> [What this task involves] All lines from the one containing "Where should I" through the end of the material below are to be printed exactly, both ends included, minus pictures.

> [Exercise data]
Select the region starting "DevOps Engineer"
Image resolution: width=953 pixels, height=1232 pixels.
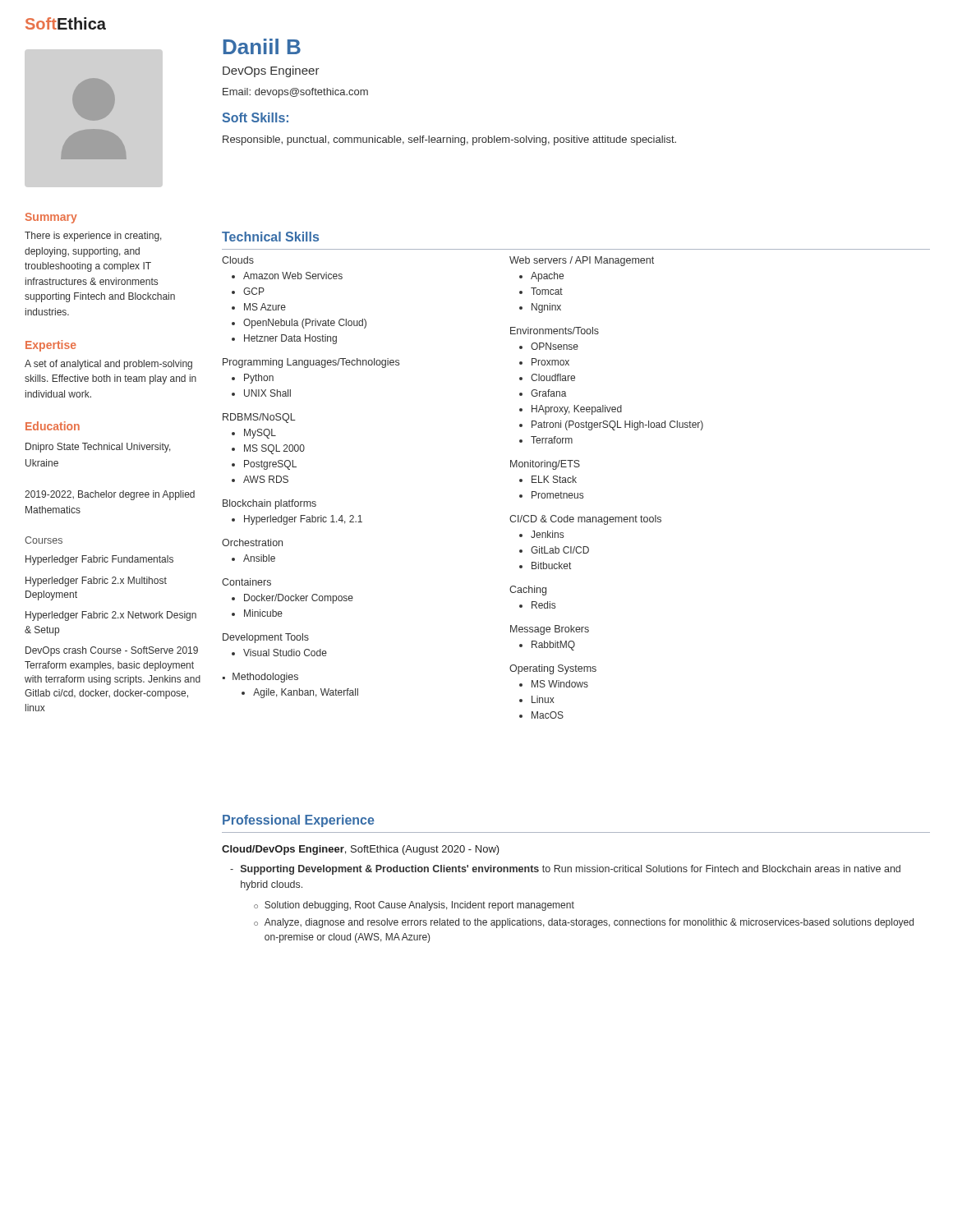(270, 70)
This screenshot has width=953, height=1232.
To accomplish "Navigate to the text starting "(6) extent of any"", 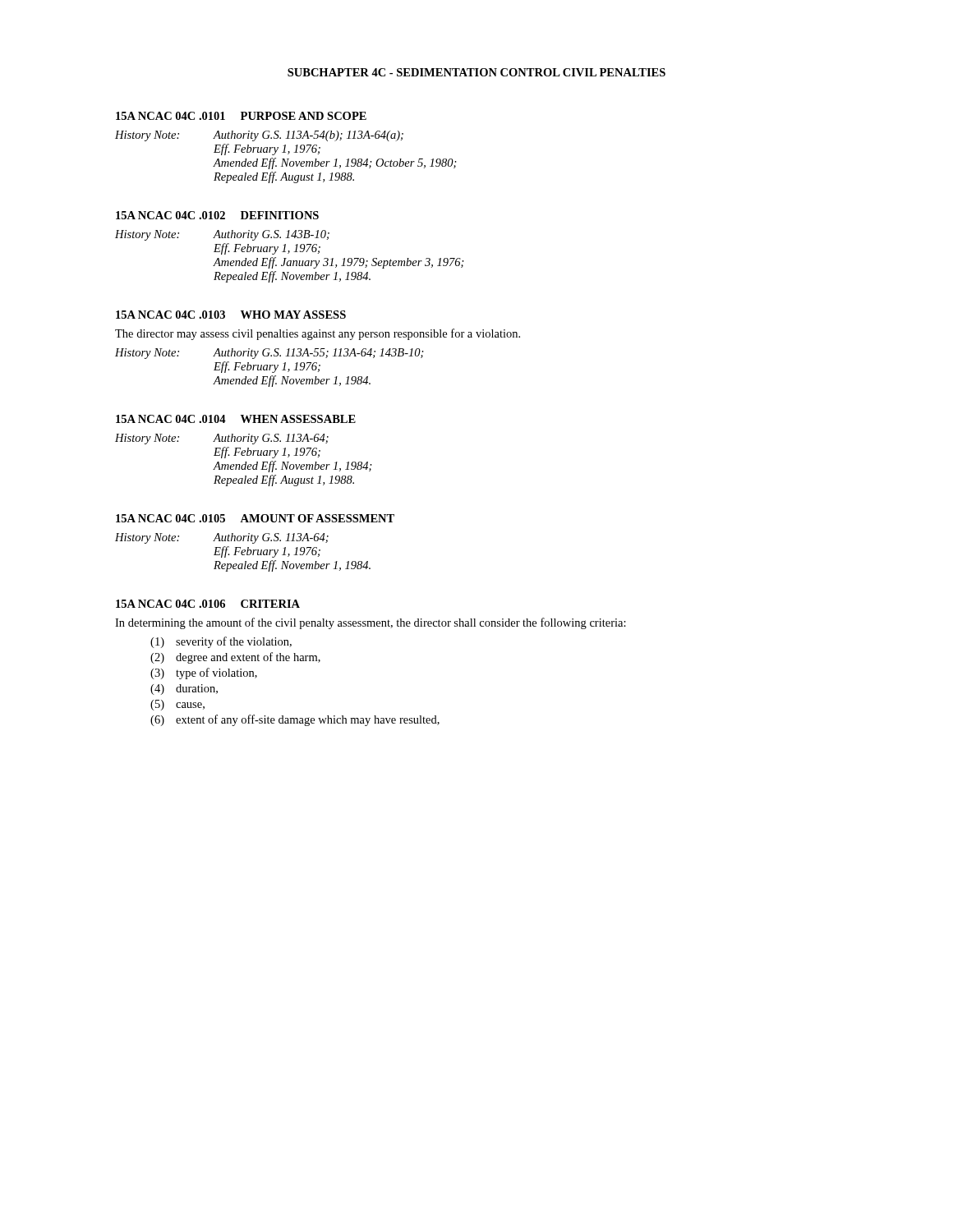I will [277, 720].
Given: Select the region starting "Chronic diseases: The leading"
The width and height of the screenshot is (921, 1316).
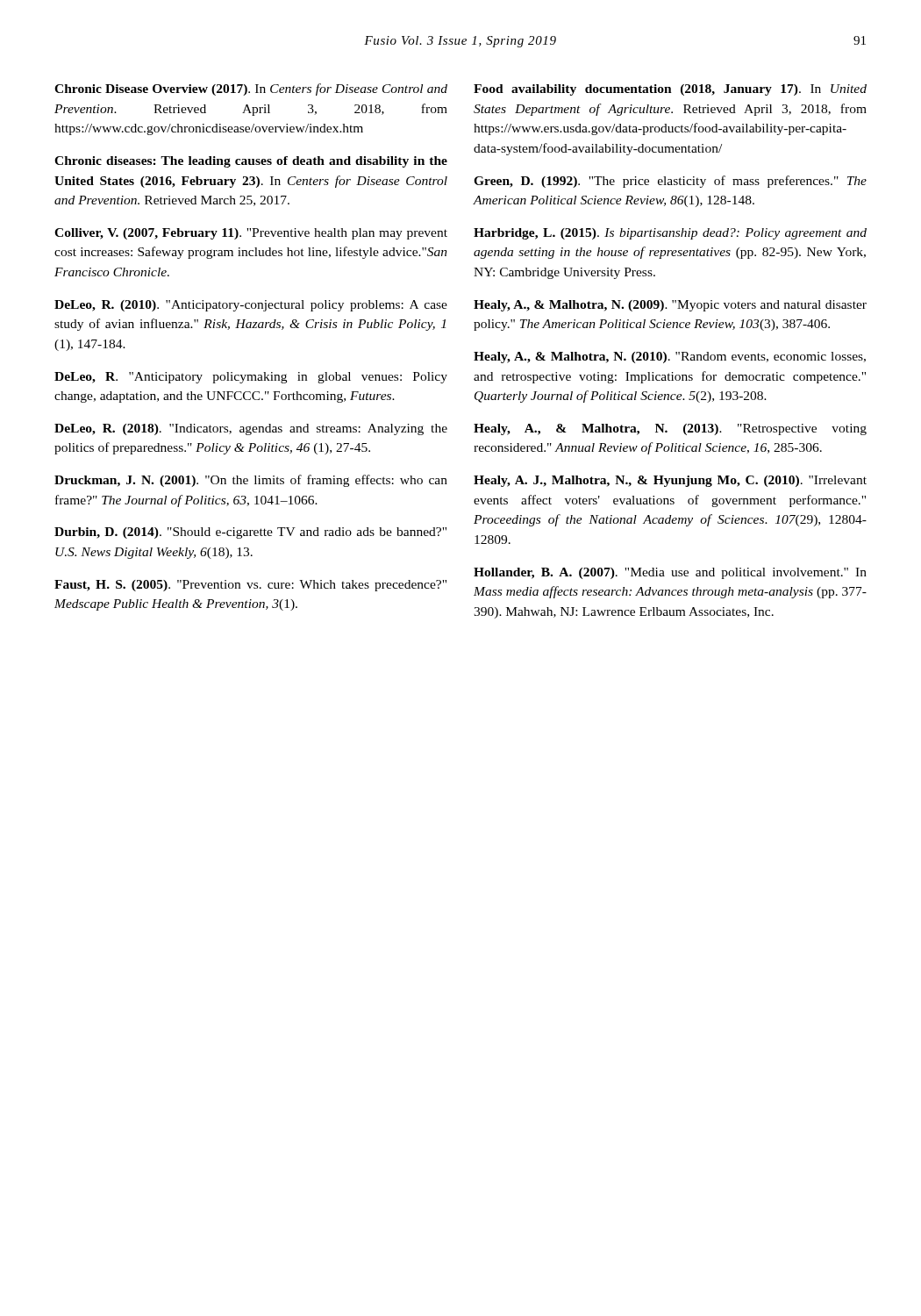Looking at the screenshot, I should pos(251,181).
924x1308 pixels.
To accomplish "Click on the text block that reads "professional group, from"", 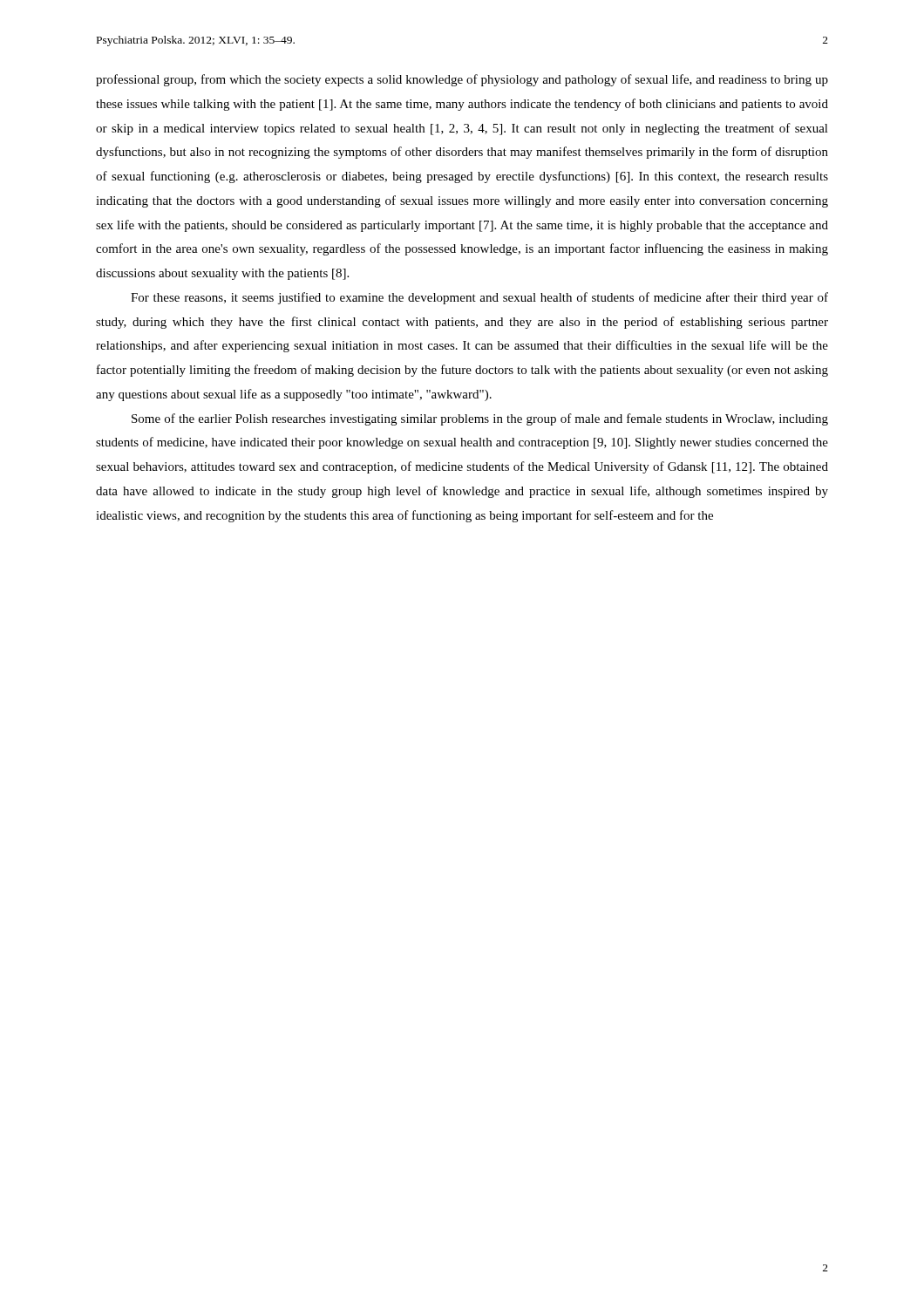I will pos(462,177).
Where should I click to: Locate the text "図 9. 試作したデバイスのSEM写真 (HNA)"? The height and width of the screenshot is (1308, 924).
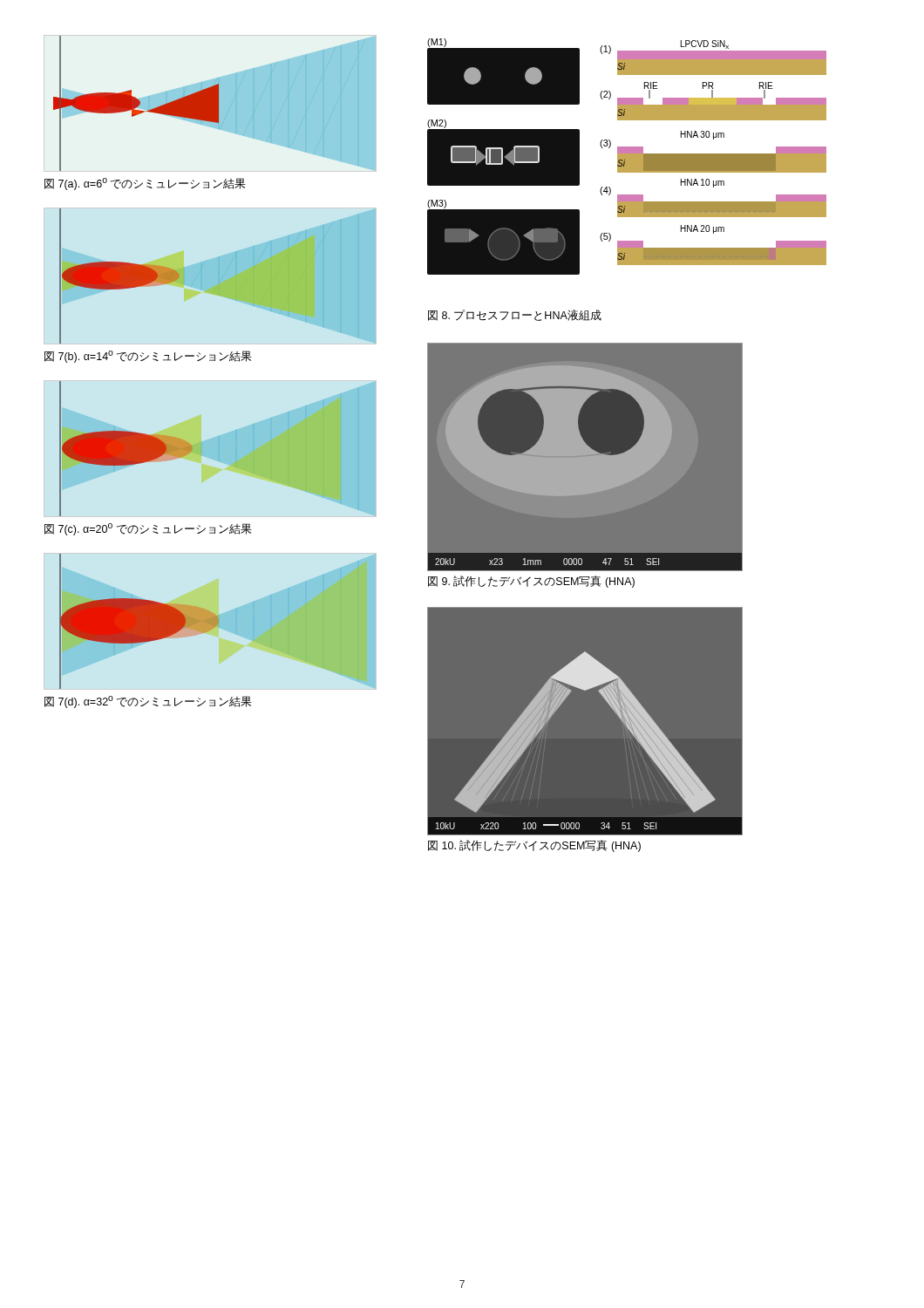click(x=531, y=582)
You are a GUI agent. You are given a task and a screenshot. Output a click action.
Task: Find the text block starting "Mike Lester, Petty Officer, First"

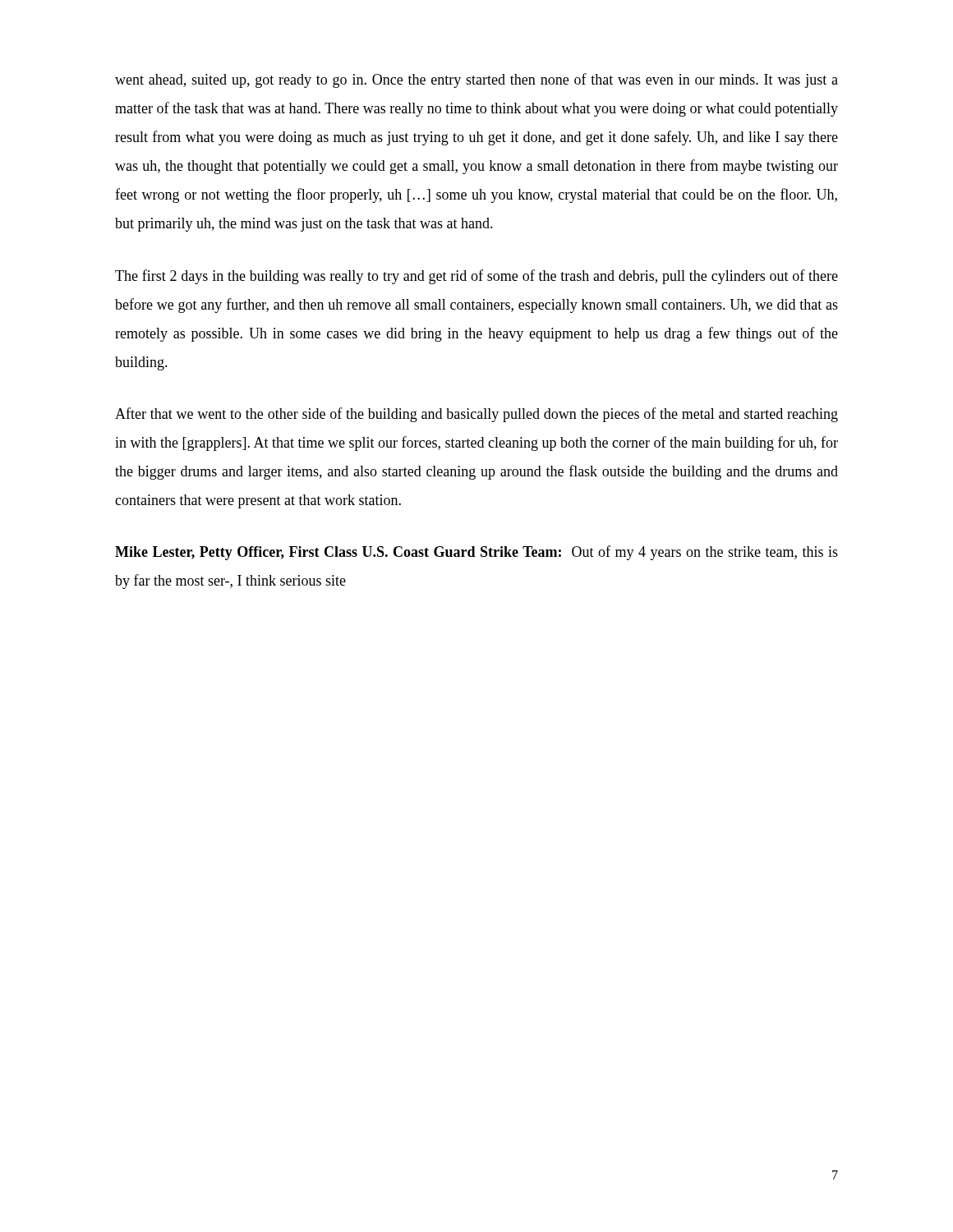point(476,567)

> [Written answer]
Where should I click to: Locate the text "図 9. 試作したデバイスのSEM写真 (HNA)"? The height and width of the screenshot is (1308, 924).
click(x=531, y=582)
You are a GUI agent. You are given a task and a screenshot. Output a click action.
Task: Find the text block starting "Mike Lester, Petty Officer, First"

point(476,567)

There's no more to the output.